[[ EXTRACTED MATERIAL open ]]
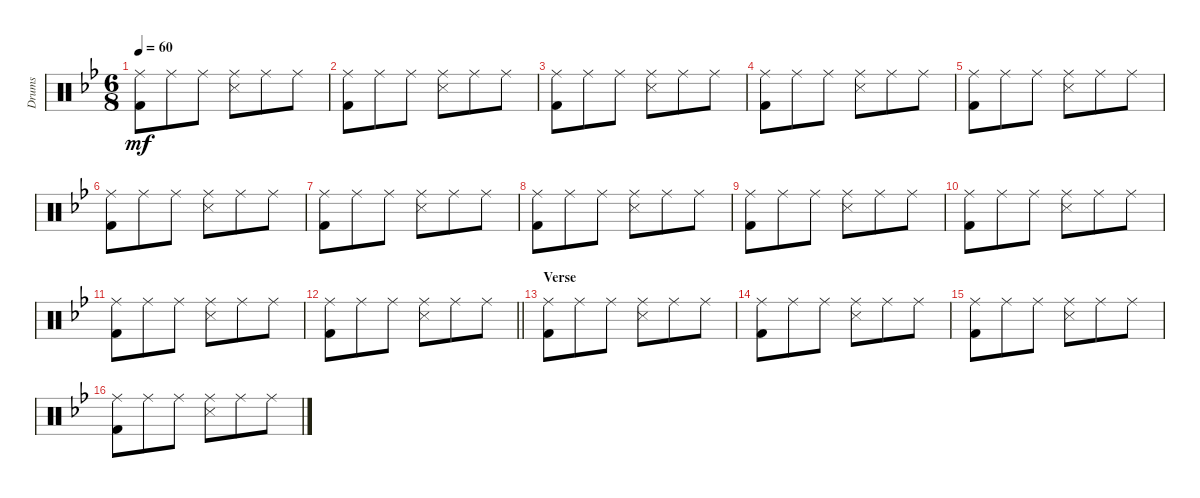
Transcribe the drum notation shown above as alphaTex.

\track ("Drums" "Drums") {instrument percussion}
\staff {score}
\articulation defaults
\ts (6 8)
\tempo 60
\clef neutral
\ks bb
("Ride (middle)" "Kick (hit) 2").8{dy mf} "Ride (middle)".8 "Ride (middle)".8 ("Ride (middle)" "Snare (side stick) 3").8 "Ride (middle)".8 "Ride (middle)".8 |
("Ride (middle)" "Kick (hit) 2").8 "Ride (middle)".8 "Ride (middle)".8 ("Ride (middle)" "Snare (side stick) 3").8 "Ride (middle)".8 "Ride (middle)".8 |
("Ride (middle)" "Kick (hit) 2").8 "Ride (middle)".8 "Ride (middle)".8 ("Ride (middle)" "Snare (side stick) 3").8 "Ride (middle)".8 "Ride (middle)".8 |
("Ride (middle)" "Kick (hit) 2").8 "Ride (middle)".8 "Ride (middle)".8 ("Ride (middle)" "Snare (side stick) 3").8 "Ride (middle)".8 "Ride (middle)".8 |
("Ride (middle)" "Kick (hit) 2").8 "Ride (middle)".8 "Ride (middle)".8 ("Ride (middle)" "Snare (side stick) 3").8 "Ride (middle)".8 "Ride (middle)".8 |
("Ride (middle)" "Kick (hit) 2").8 "Ride (middle)".8 "Ride (middle)".8 ("Ride (middle)" "Snare (side stick) 3").8 "Ride (middle)".8 "Ride (middle)".8 |
("Ride (middle)" "Kick (hit) 2").8 "Ride (middle)".8 "Ride (middle)".8 ("Ride (middle)" "Snare (side stick) 3").8 "Ride (middle)".8 "Ride (middle)".8 |
("Ride (middle)" "Kick (hit) 2").8 "Ride (middle)".8 "Ride (middle)".8 ("Ride (middle)" "Snare (side stick) 3").8 "Ride (middle)".8 "Ride (middle)".8 |
("Ride (middle)" "Kick (hit) 2").8 "Ride (middle)".8 "Ride (middle)".8 ("Ride (middle)" "Snare (side stick) 3").8 "Ride (middle)".8 "Ride (middle)".8 |
("Ride (middle)" "Kick (hit) 2").8 "Ride (middle)".8 "Ride (middle)".8 ("Ride (middle)" "Snare (side stick) 3").8 "Ride (middle)".8 "Ride (middle)".8 |
("Ride (middle)" "Kick (hit) 2").8 "Ride (middle)".8 "Ride (middle)".8 ("Ride (middle)" "Snare (side stick) 3").8 "Ride (middle)".8 "Ride (middle)".8 |
\barLineRight lightlight
("Ride (middle)" "Kick (hit) 2").8 "Ride (middle)".8 "Ride (middle)".8 ("Ride (middle)" "Snare (side stick) 3").8 "Ride (middle)".8 "Ride (middle)".8 |
\section ("" "Verse")
("Ride (middle)" "Kick (hit) 2").8 "Ride (middle)".8 "Ride (middle)".8 ("Ride (middle)" "Snare (side stick) 3").8 "Ride (middle)".8 "Ride (middle)".8 |
("Ride (middle)" "Kick (hit) 2").8 "Ride (middle)".8 "Ride (middle)".8 ("Ride (middle)" "Snare (side stick) 3").8 "Ride (middle)".8 "Ride (middle)".8 |
("Ride (middle)" "Kick (hit) 2").8 "Ride (middle)".8 "Ride (middle)".8 ("Ride (middle)" "Snare (side stick) 3").8 "Ride (middle)".8 "Ride (middle)".8 |
("Ride (middle)" "Kick (hit) 2").8 "Ride (middle)".8 "Ride (middle)".8 ("Ride (middle)" "Snare (side stick) 3").8 "Ride (middle)".8 "Ride (middle)".8
[[ EXTRACTED MATERIAL closed ]]
:: TASK PROMPT ::
Write out the data above exactly, minus any images.

:: EXERCISE RESULT ::
Transcribe the drum notation shown above as alphaTex.

\track ("Drums" "Drums") {instrument percussion}
\staff {score}
\articulation defaults
\ts (6 8)
\tempo 60
\clef neutral
\ks bb
("Ride (middle)" "Kick (hit) 2").8{dy mf} "Ride (middle)".8 "Ride (middle)".8 ("Ride (middle)" "Snare (side stick) 3").8 "Ride (middle)".8 "Ride (middle)".8 |
("Ride (middle)" "Kick (hit) 2").8 "Ride (middle)".8 "Ride (middle)".8 ("Ride (middle)" "Snare (side stick) 3").8 "Ride (middle)".8 "Ride (middle)".8 |
("Ride (middle)" "Kick (hit) 2").8 "Ride (middle)".8 "Ride (middle)".8 ("Ride (middle)" "Snare (side stick) 3").8 "Ride (middle)".8 "Ride (middle)".8 |
("Ride (middle)" "Kick (hit) 2").8 "Ride (middle)".8 "Ride (middle)".8 ("Ride (middle)" "Snare (side stick) 3").8 "Ride (middle)".8 "Ride (middle)".8 |
("Ride (middle)" "Kick (hit) 2").8 "Ride (middle)".8 "Ride (middle)".8 ("Ride (middle)" "Snare (side stick) 3").8 "Ride (middle)".8 "Ride (middle)".8 |
("Ride (middle)" "Kick (hit) 2").8 "Ride (middle)".8 "Ride (middle)".8 ("Ride (middle)" "Snare (side stick) 3").8 "Ride (middle)".8 "Ride (middle)".8 |
("Ride (middle)" "Kick (hit) 2").8 "Ride (middle)".8 "Ride (middle)".8 ("Ride (middle)" "Snare (side stick) 3").8 "Ride (middle)".8 "Ride (middle)".8 |
("Ride (middle)" "Kick (hit) 2").8 "Ride (middle)".8 "Ride (middle)".8 ("Ride (middle)" "Snare (side stick) 3").8 "Ride (middle)".8 "Ride (middle)".8 |
("Ride (middle)" "Kick (hit) 2").8 "Ride (middle)".8 "Ride (middle)".8 ("Ride (middle)" "Snare (side stick) 3").8 "Ride (middle)".8 "Ride (middle)".8 |
("Ride (middle)" "Kick (hit) 2").8 "Ride (middle)".8 "Ride (middle)".8 ("Ride (middle)" "Snare (side stick) 3").8 "Ride (middle)".8 "Ride (middle)".8 |
("Ride (middle)" "Kick (hit) 2").8 "Ride (middle)".8 "Ride (middle)".8 ("Ride (middle)" "Snare (side stick) 3").8 "Ride (middle)".8 "Ride (middle)".8 |
\barLineRight lightlight
("Ride (middle)" "Kick (hit) 2").8 "Ride (middle)".8 "Ride (middle)".8 ("Ride (middle)" "Snare (side stick) 3").8 "Ride (middle)".8 "Ride (middle)".8 |
\section ("" "Verse")
("Ride (middle)" "Kick (hit) 2").8 "Ride (middle)".8 "Ride (middle)".8 ("Ride (middle)" "Snare (side stick) 3").8 "Ride (middle)".8 "Ride (middle)".8 |
("Ride (middle)" "Kick (hit) 2").8 "Ride (middle)".8 "Ride (middle)".8 ("Ride (middle)" "Snare (side stick) 3").8 "Ride (middle)".8 "Ride (middle)".8 |
("Ride (middle)" "Kick (hit) 2").8 "Ride (middle)".8 "Ride (middle)".8 ("Ride (middle)" "Snare (side stick) 3").8 "Ride (middle)".8 "Ride (middle)".8 |
("Ride (middle)" "Kick (hit) 2").8 "Ride (middle)".8 "Ride (middle)".8 ("Ride (middle)" "Snare (side stick) 3").8 "Ride (middle)".8 "Ride (middle)".8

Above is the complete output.